2) Вероучительные определения Латинской Церкви, традиционно отвергаемые православием: добавление Filioque в текст Символа веры, Тридентский собор, догмат о непорочном зачатии Девы Марии (1854) – словно бы вынесены за скобки. То, что православие их отвергает, не препятствует «почти полному» общению. То, что только подразумевается в кратком «Anno inneunte», было недавно явственнее выражено в письме папы Павла VI кардиналу Виллебрандсу от 5 октября 1974 г. Кардинал был папским легатом на праздновании 700-летия Лионского собора (1274), торжественно обосновавшего богословие Filioque и согласившегося с униатским исповеданием веры, подписанным византийским императором Михаилом VIII Палеологом. Письмо папы примечательно признанием, что собор не дал «возможности Греческой Церкви свободно высказаться», и что «единство, достигнутое таким образом, не могло быть полностью принято сознанием восточных христиан». Еще более знаменательно, что папа называет Лионский собор «шестым из главных соборов западного мира», а не «Вселенским Собором». Можно ли тогда сказать то же самое о Тридентском, I Ватиканском и II Ватиканском соборах? Если это так, то, похоже, сделан важный шаг, меняющий прежнюю концепцию папского авторитета.

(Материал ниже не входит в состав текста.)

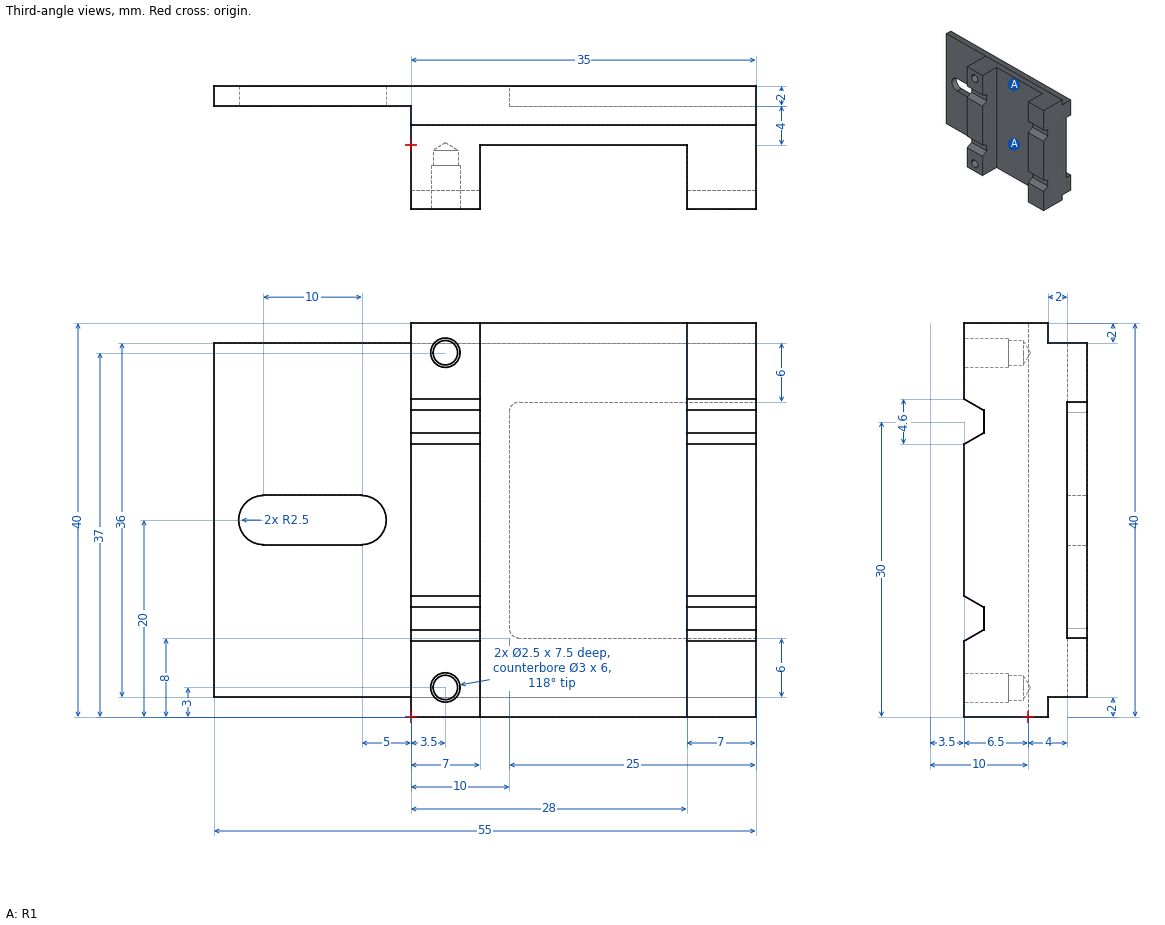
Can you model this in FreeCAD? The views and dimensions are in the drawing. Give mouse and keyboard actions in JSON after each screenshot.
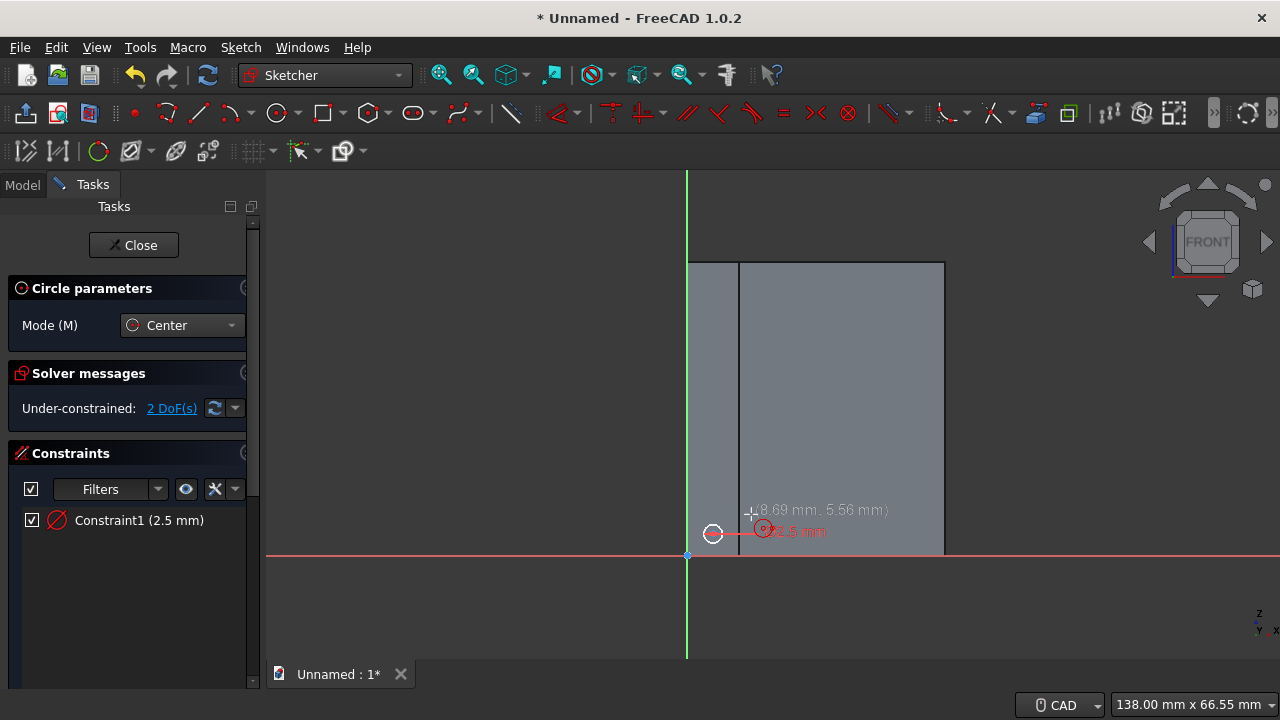
{"action": "scroll", "coordinate": [713, 284], "scroll_direction": "up", "scroll_amount": 5}

В любом случае, эти тексты, кажется, подразумевают, что латинские догматы, столь торжественно провозглашенные в прошлом, не должны считаться обладающими бессрочным действием и потому не являются препятствием к единству. Если это действительно так, то авторитет Римской Церкви, прежде столь жестко обязавшей себя этими догматами, также должен рассматриваться в новом свете. Однако каноническое и сакраментальное единство, которое не предполагает разрешения проблем, выросших из этих латинских определений, еще острее поставило бы вопрос о богословском плюрализме в объединенной Церкви. Нет, конечно, ничего нового в том, чтобы некоторые обычаи и учения признать теологуменами, т. е. позициями отдельных богословов, официально не одобренными Церковью. Литургический и богословский плюрализм и неизбежен, и желателен в единой Церкви. Но этот допустимый плюрализм не является самоцелью, и им не следует пользоваться в оправдание вероучительного релятивизма как такового или для прикрытия серьезных вероучительных конфликтов. Теологумены нельзя навязывать в качестве обязательного учения; всякий имеет право отвергнуть их, если считает ошибочными. Православные, конечно, рассматривали бы латинские догматы как относящиеся к этой категории. Они ведь были не просто признаками плюрализма, но вызывали конфликты в течение многих столетий. Можно ли прийти к единству, не разрешив их в первую очередь?

С проблемой авторитета связан и ряд других вопросов, возникающих в связи с текстами вроде «Anno inneunte» и письма папы кардиналу Виллебрандсу. Тексты эти, несомненно, являются шагом навстречу православию, если они действительно имеют в виду, что латинские средневековые и современные богословские доктрины не обязательны для Востока, потому что восточные «Церкви-сестры» не приняли их. Но если эти доктрины не были поддержаны Востоком, не значит ли это, что к ним нужно относиться по меньшей мере с оговорками также и на Западе? Возможно ли географически ограничить авторитет вероучительных постановлений Лиона, Флоренции, Тридента и I Ватиканского собора? С другой стороны, православные должны бы ощущать некоторую ответственность и за Запад, где эти «догматы» также вызывали конфликты. И наконец, что такое «Восток» и что такое «Запад» в этой последней четверти XX столетия?

Недавнее удивительное изменение атмосферы в отношениях между двумя Церквами и реальные усилия пап Иоанна XXIII и Павла VI понять православных в вопросе о церковном авторитете требуют сбалансированной богословской оценки, которая показала бы, положено ли хотя бы начало в решении вышеуказанных вопросов?

388

Tomos Agapes. P. 390.

389

Чтобы не смущать православных, в греческом тексте слово caput («глава») переводится как №goЪmenoj («руководитель»). Такая дипломатическая неправильность перевода только подчеркивает двусмысленность идеи, лежащей в основе этого текста.